--- Exercise goal ---
Only the lines from the line with "Horizontal angle of view: 60.0°." through the end of the records belong in your reply, copied exactly, with every picture left out.

--- Data extracts ---
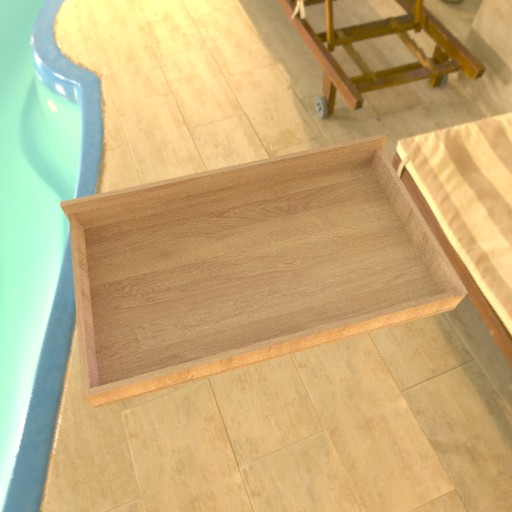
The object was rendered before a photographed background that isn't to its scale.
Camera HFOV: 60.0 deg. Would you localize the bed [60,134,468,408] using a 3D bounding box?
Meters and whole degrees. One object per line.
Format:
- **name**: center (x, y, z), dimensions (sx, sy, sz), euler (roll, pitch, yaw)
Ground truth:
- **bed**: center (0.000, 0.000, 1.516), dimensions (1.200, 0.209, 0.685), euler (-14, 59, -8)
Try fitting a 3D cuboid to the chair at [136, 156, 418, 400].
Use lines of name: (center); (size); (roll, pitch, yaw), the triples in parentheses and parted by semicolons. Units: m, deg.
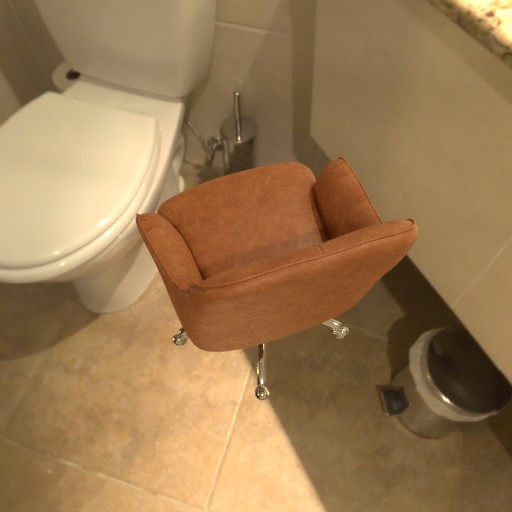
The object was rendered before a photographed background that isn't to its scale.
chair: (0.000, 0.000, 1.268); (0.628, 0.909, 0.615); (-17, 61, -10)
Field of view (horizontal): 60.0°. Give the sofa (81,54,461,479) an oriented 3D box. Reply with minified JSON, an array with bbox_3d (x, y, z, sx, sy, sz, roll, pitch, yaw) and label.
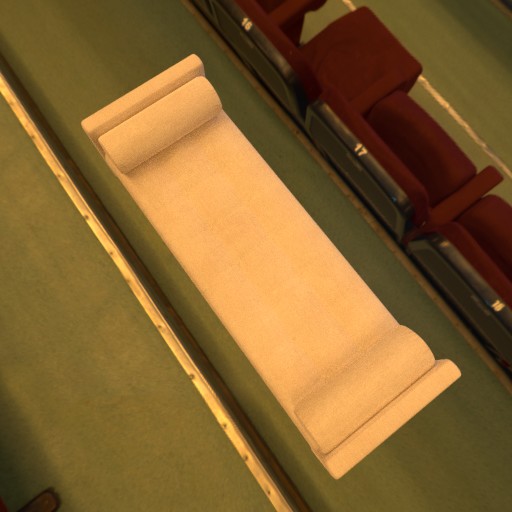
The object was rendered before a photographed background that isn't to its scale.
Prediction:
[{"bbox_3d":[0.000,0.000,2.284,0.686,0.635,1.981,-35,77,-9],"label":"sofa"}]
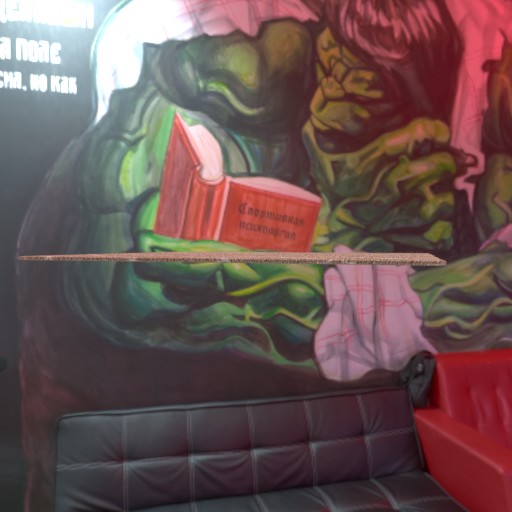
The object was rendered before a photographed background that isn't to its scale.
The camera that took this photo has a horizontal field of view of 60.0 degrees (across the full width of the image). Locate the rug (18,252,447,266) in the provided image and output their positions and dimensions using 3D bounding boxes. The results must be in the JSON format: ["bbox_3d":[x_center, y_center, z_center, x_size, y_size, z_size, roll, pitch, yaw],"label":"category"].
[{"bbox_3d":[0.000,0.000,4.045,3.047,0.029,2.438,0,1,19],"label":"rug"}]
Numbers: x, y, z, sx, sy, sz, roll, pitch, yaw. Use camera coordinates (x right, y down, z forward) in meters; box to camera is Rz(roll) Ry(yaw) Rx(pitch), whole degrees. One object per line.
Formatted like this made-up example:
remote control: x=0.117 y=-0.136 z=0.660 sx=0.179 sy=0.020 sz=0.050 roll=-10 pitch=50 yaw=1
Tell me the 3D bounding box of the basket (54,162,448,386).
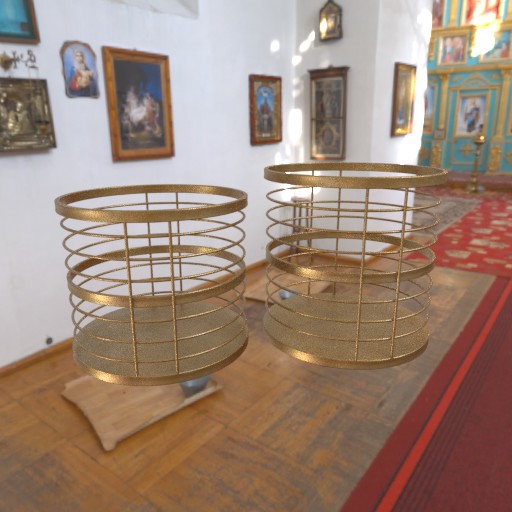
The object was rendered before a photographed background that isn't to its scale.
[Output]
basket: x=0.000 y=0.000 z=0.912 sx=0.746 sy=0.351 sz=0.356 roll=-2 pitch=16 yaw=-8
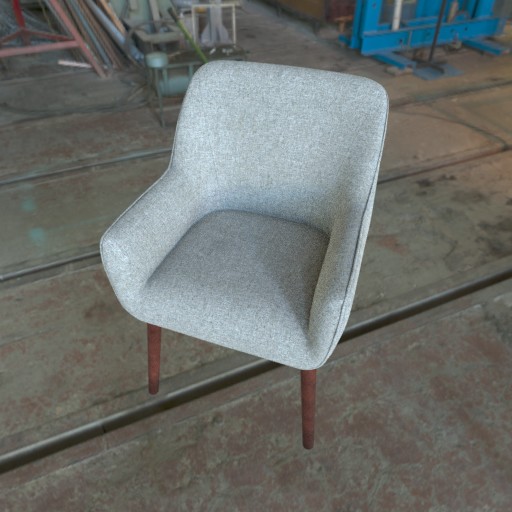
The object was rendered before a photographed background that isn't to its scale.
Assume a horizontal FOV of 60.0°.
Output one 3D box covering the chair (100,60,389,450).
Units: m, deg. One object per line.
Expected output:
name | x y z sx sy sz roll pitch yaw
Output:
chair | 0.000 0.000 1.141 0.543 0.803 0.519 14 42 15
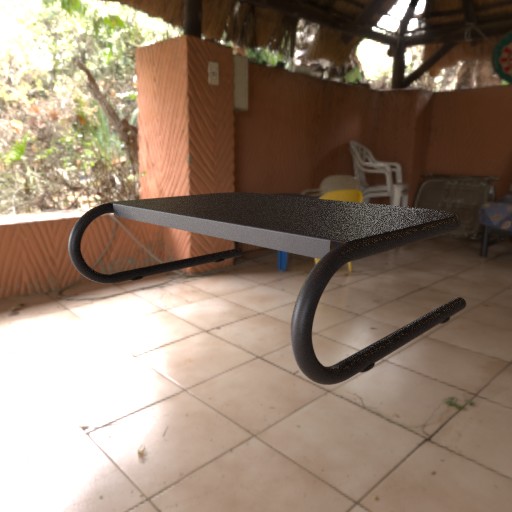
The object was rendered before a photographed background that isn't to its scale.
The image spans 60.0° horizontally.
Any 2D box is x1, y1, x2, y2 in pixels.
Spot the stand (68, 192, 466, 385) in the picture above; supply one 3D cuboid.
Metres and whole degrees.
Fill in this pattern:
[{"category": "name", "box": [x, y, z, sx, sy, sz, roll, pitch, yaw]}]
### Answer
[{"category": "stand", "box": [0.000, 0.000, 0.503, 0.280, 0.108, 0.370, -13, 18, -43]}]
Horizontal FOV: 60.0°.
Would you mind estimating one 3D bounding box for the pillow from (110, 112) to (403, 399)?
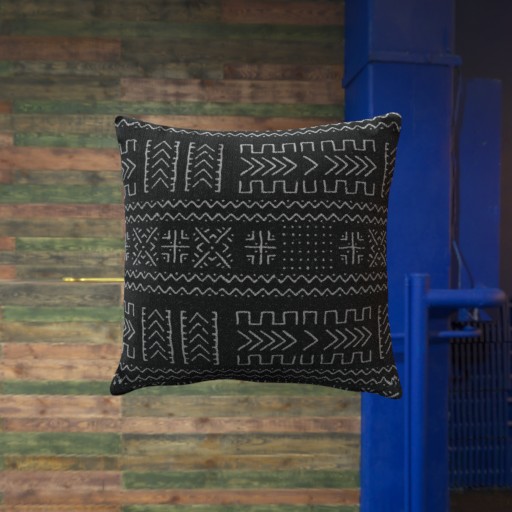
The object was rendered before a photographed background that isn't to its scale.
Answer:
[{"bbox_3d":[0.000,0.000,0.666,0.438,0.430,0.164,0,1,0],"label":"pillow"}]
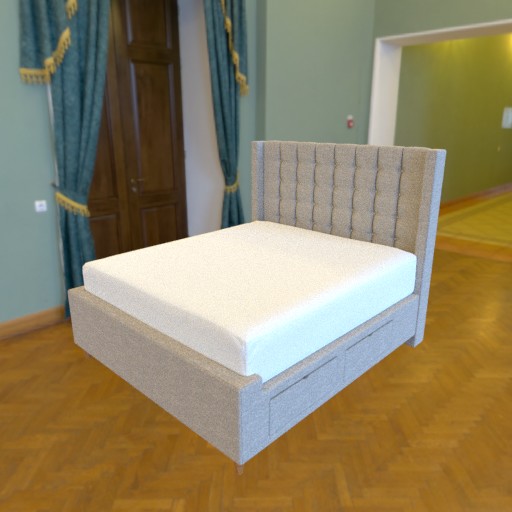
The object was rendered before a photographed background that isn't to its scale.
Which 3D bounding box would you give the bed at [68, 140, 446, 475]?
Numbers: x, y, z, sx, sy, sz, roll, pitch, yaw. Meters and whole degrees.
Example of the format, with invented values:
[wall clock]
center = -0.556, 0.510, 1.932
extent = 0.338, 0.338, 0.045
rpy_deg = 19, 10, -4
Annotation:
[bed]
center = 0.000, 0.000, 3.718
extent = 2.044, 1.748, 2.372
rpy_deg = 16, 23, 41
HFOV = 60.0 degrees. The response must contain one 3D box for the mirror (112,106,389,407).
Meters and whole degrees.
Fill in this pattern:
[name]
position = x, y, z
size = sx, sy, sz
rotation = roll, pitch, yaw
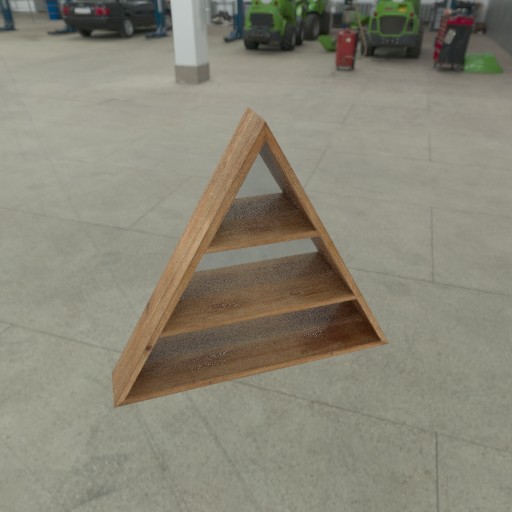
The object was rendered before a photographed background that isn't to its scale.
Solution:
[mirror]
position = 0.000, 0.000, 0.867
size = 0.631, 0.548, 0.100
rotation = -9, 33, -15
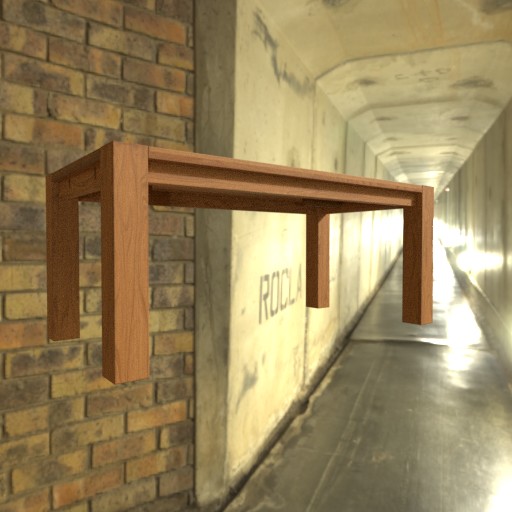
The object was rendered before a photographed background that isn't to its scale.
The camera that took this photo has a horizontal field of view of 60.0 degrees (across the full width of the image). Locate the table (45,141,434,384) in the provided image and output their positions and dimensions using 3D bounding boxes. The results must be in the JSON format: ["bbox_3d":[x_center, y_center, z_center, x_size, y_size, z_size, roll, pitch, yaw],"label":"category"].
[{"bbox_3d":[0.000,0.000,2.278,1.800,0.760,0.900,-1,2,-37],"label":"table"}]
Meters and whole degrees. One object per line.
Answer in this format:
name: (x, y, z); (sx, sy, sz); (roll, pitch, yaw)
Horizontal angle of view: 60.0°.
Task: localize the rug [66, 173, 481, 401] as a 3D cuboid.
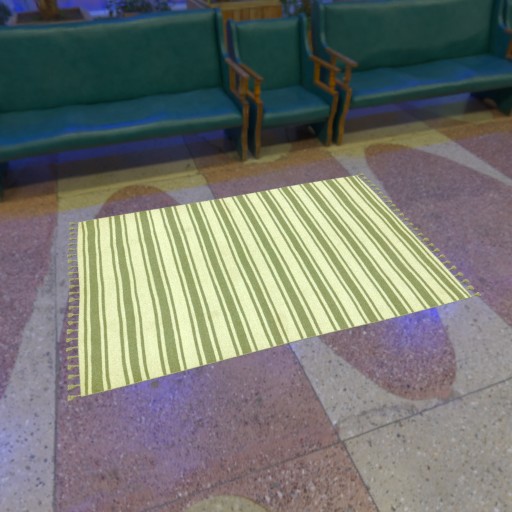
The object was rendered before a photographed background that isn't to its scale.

--- Answer to this exercise ---
Horizontal angle of view: 60.0°.
Task: localize the rug [66, 173, 481, 401] as a 3D cuboid.
The object was rendered before a photographed background that isn't to its scale.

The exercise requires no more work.